Hidden impact of AD in skin of colour
Cultural factors, biased measuring tools may lead to underestimated impact of AD on quality of life in non-White patients (1,850 words, 9 minutes)
Atopic dermatitis (AD) has a more significant impact on the quality of life in patients with skin of colour. The limitations of relevant cultural knowledge among physicians and the tools for evaluating treatment outcomes contribute to this disparity.
These were some of the points raised in a presentation by Dr. Geeta Yadav at the 8th annual Skin Spectrum Summit on Sept. 17, 2022.
Dr. Yadav is the Medical Director and Founder of FACET Dermatology in Toronto.

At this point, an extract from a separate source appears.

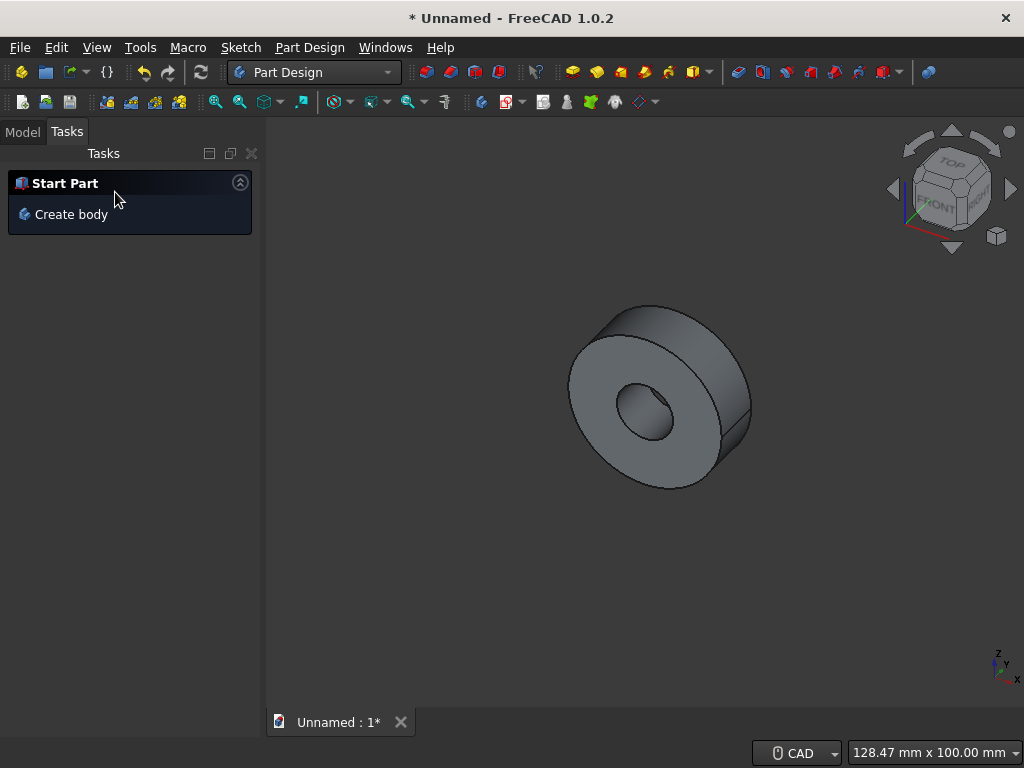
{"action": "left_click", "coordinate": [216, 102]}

AD has “a higher prevalence in Black, Hispanic, Latinx, Asian Pacific Islander and multiracial populations compared to White individuals,” Dr. Yadav said. “That has been shown in a variety of epidemiological studies.” She noted that children in non-White racial subgroups who have AD are also more likely to have their skin condition persist into adulthood.
During her talk, Dr. Yadav cited a survey of 377 adult Canadians with AD, that was conducted by the Eczema Society of Canada. That survey found that 87% of respondents said their daily life is negatively impacted by their AD.

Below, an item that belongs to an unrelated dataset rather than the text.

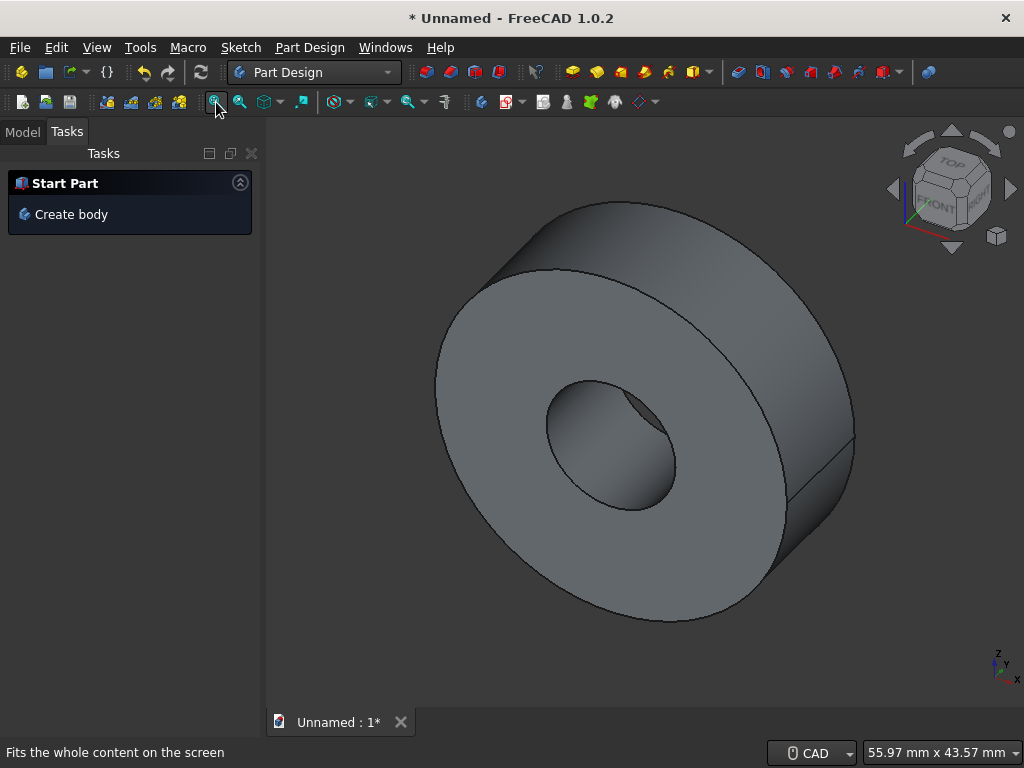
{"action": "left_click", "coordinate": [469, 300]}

“This is not specific by race or ethnicity, but it shows you the impact of the disease as a baseline,” she said.
Then, looking specifically at patients with skin of colour, she noted that 79% of patients described a lack of sleep or disturbed sleep and 64% reported anxiety.

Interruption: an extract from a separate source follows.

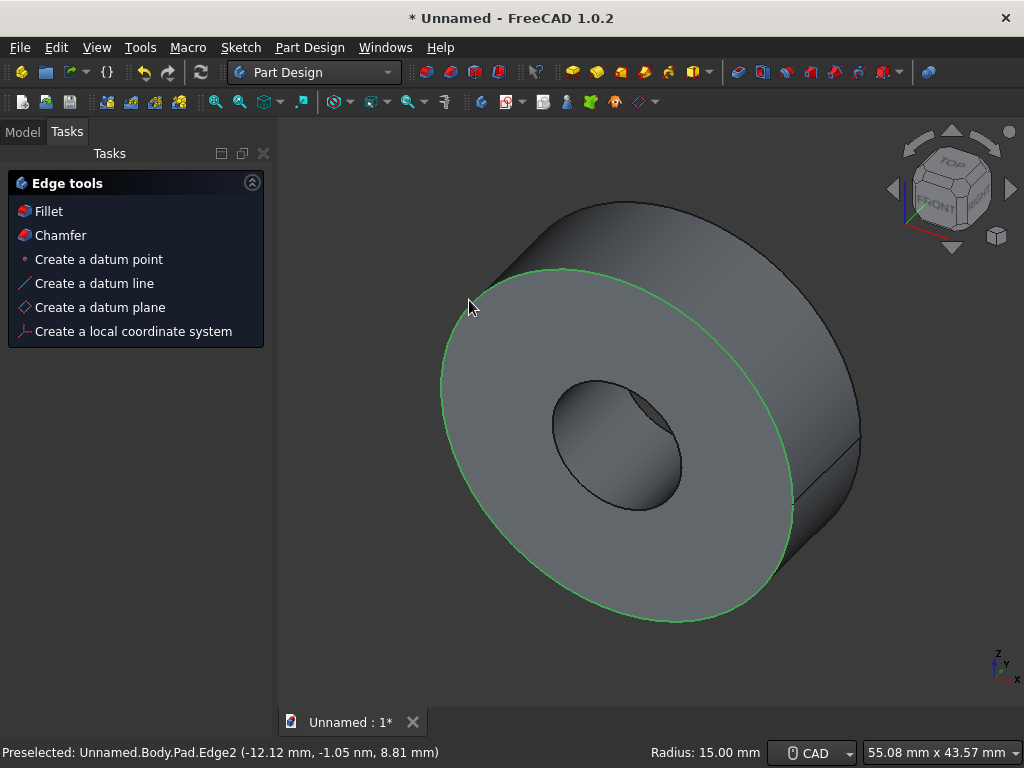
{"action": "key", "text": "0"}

It is also important to recognize that the impact of AD on patients of colour may be underestimated, Dr. Yadav explained. Clinical tools used to evaluate erythema may under-value AD that appears with greying or other darker pigment changes. The tools are “insufficient, they are inadequate and there is poor interrater reliability,” Dr. Yadav said. “We need better metrics to be able to measure the impact of disease and the efficacy of our therapeutics.”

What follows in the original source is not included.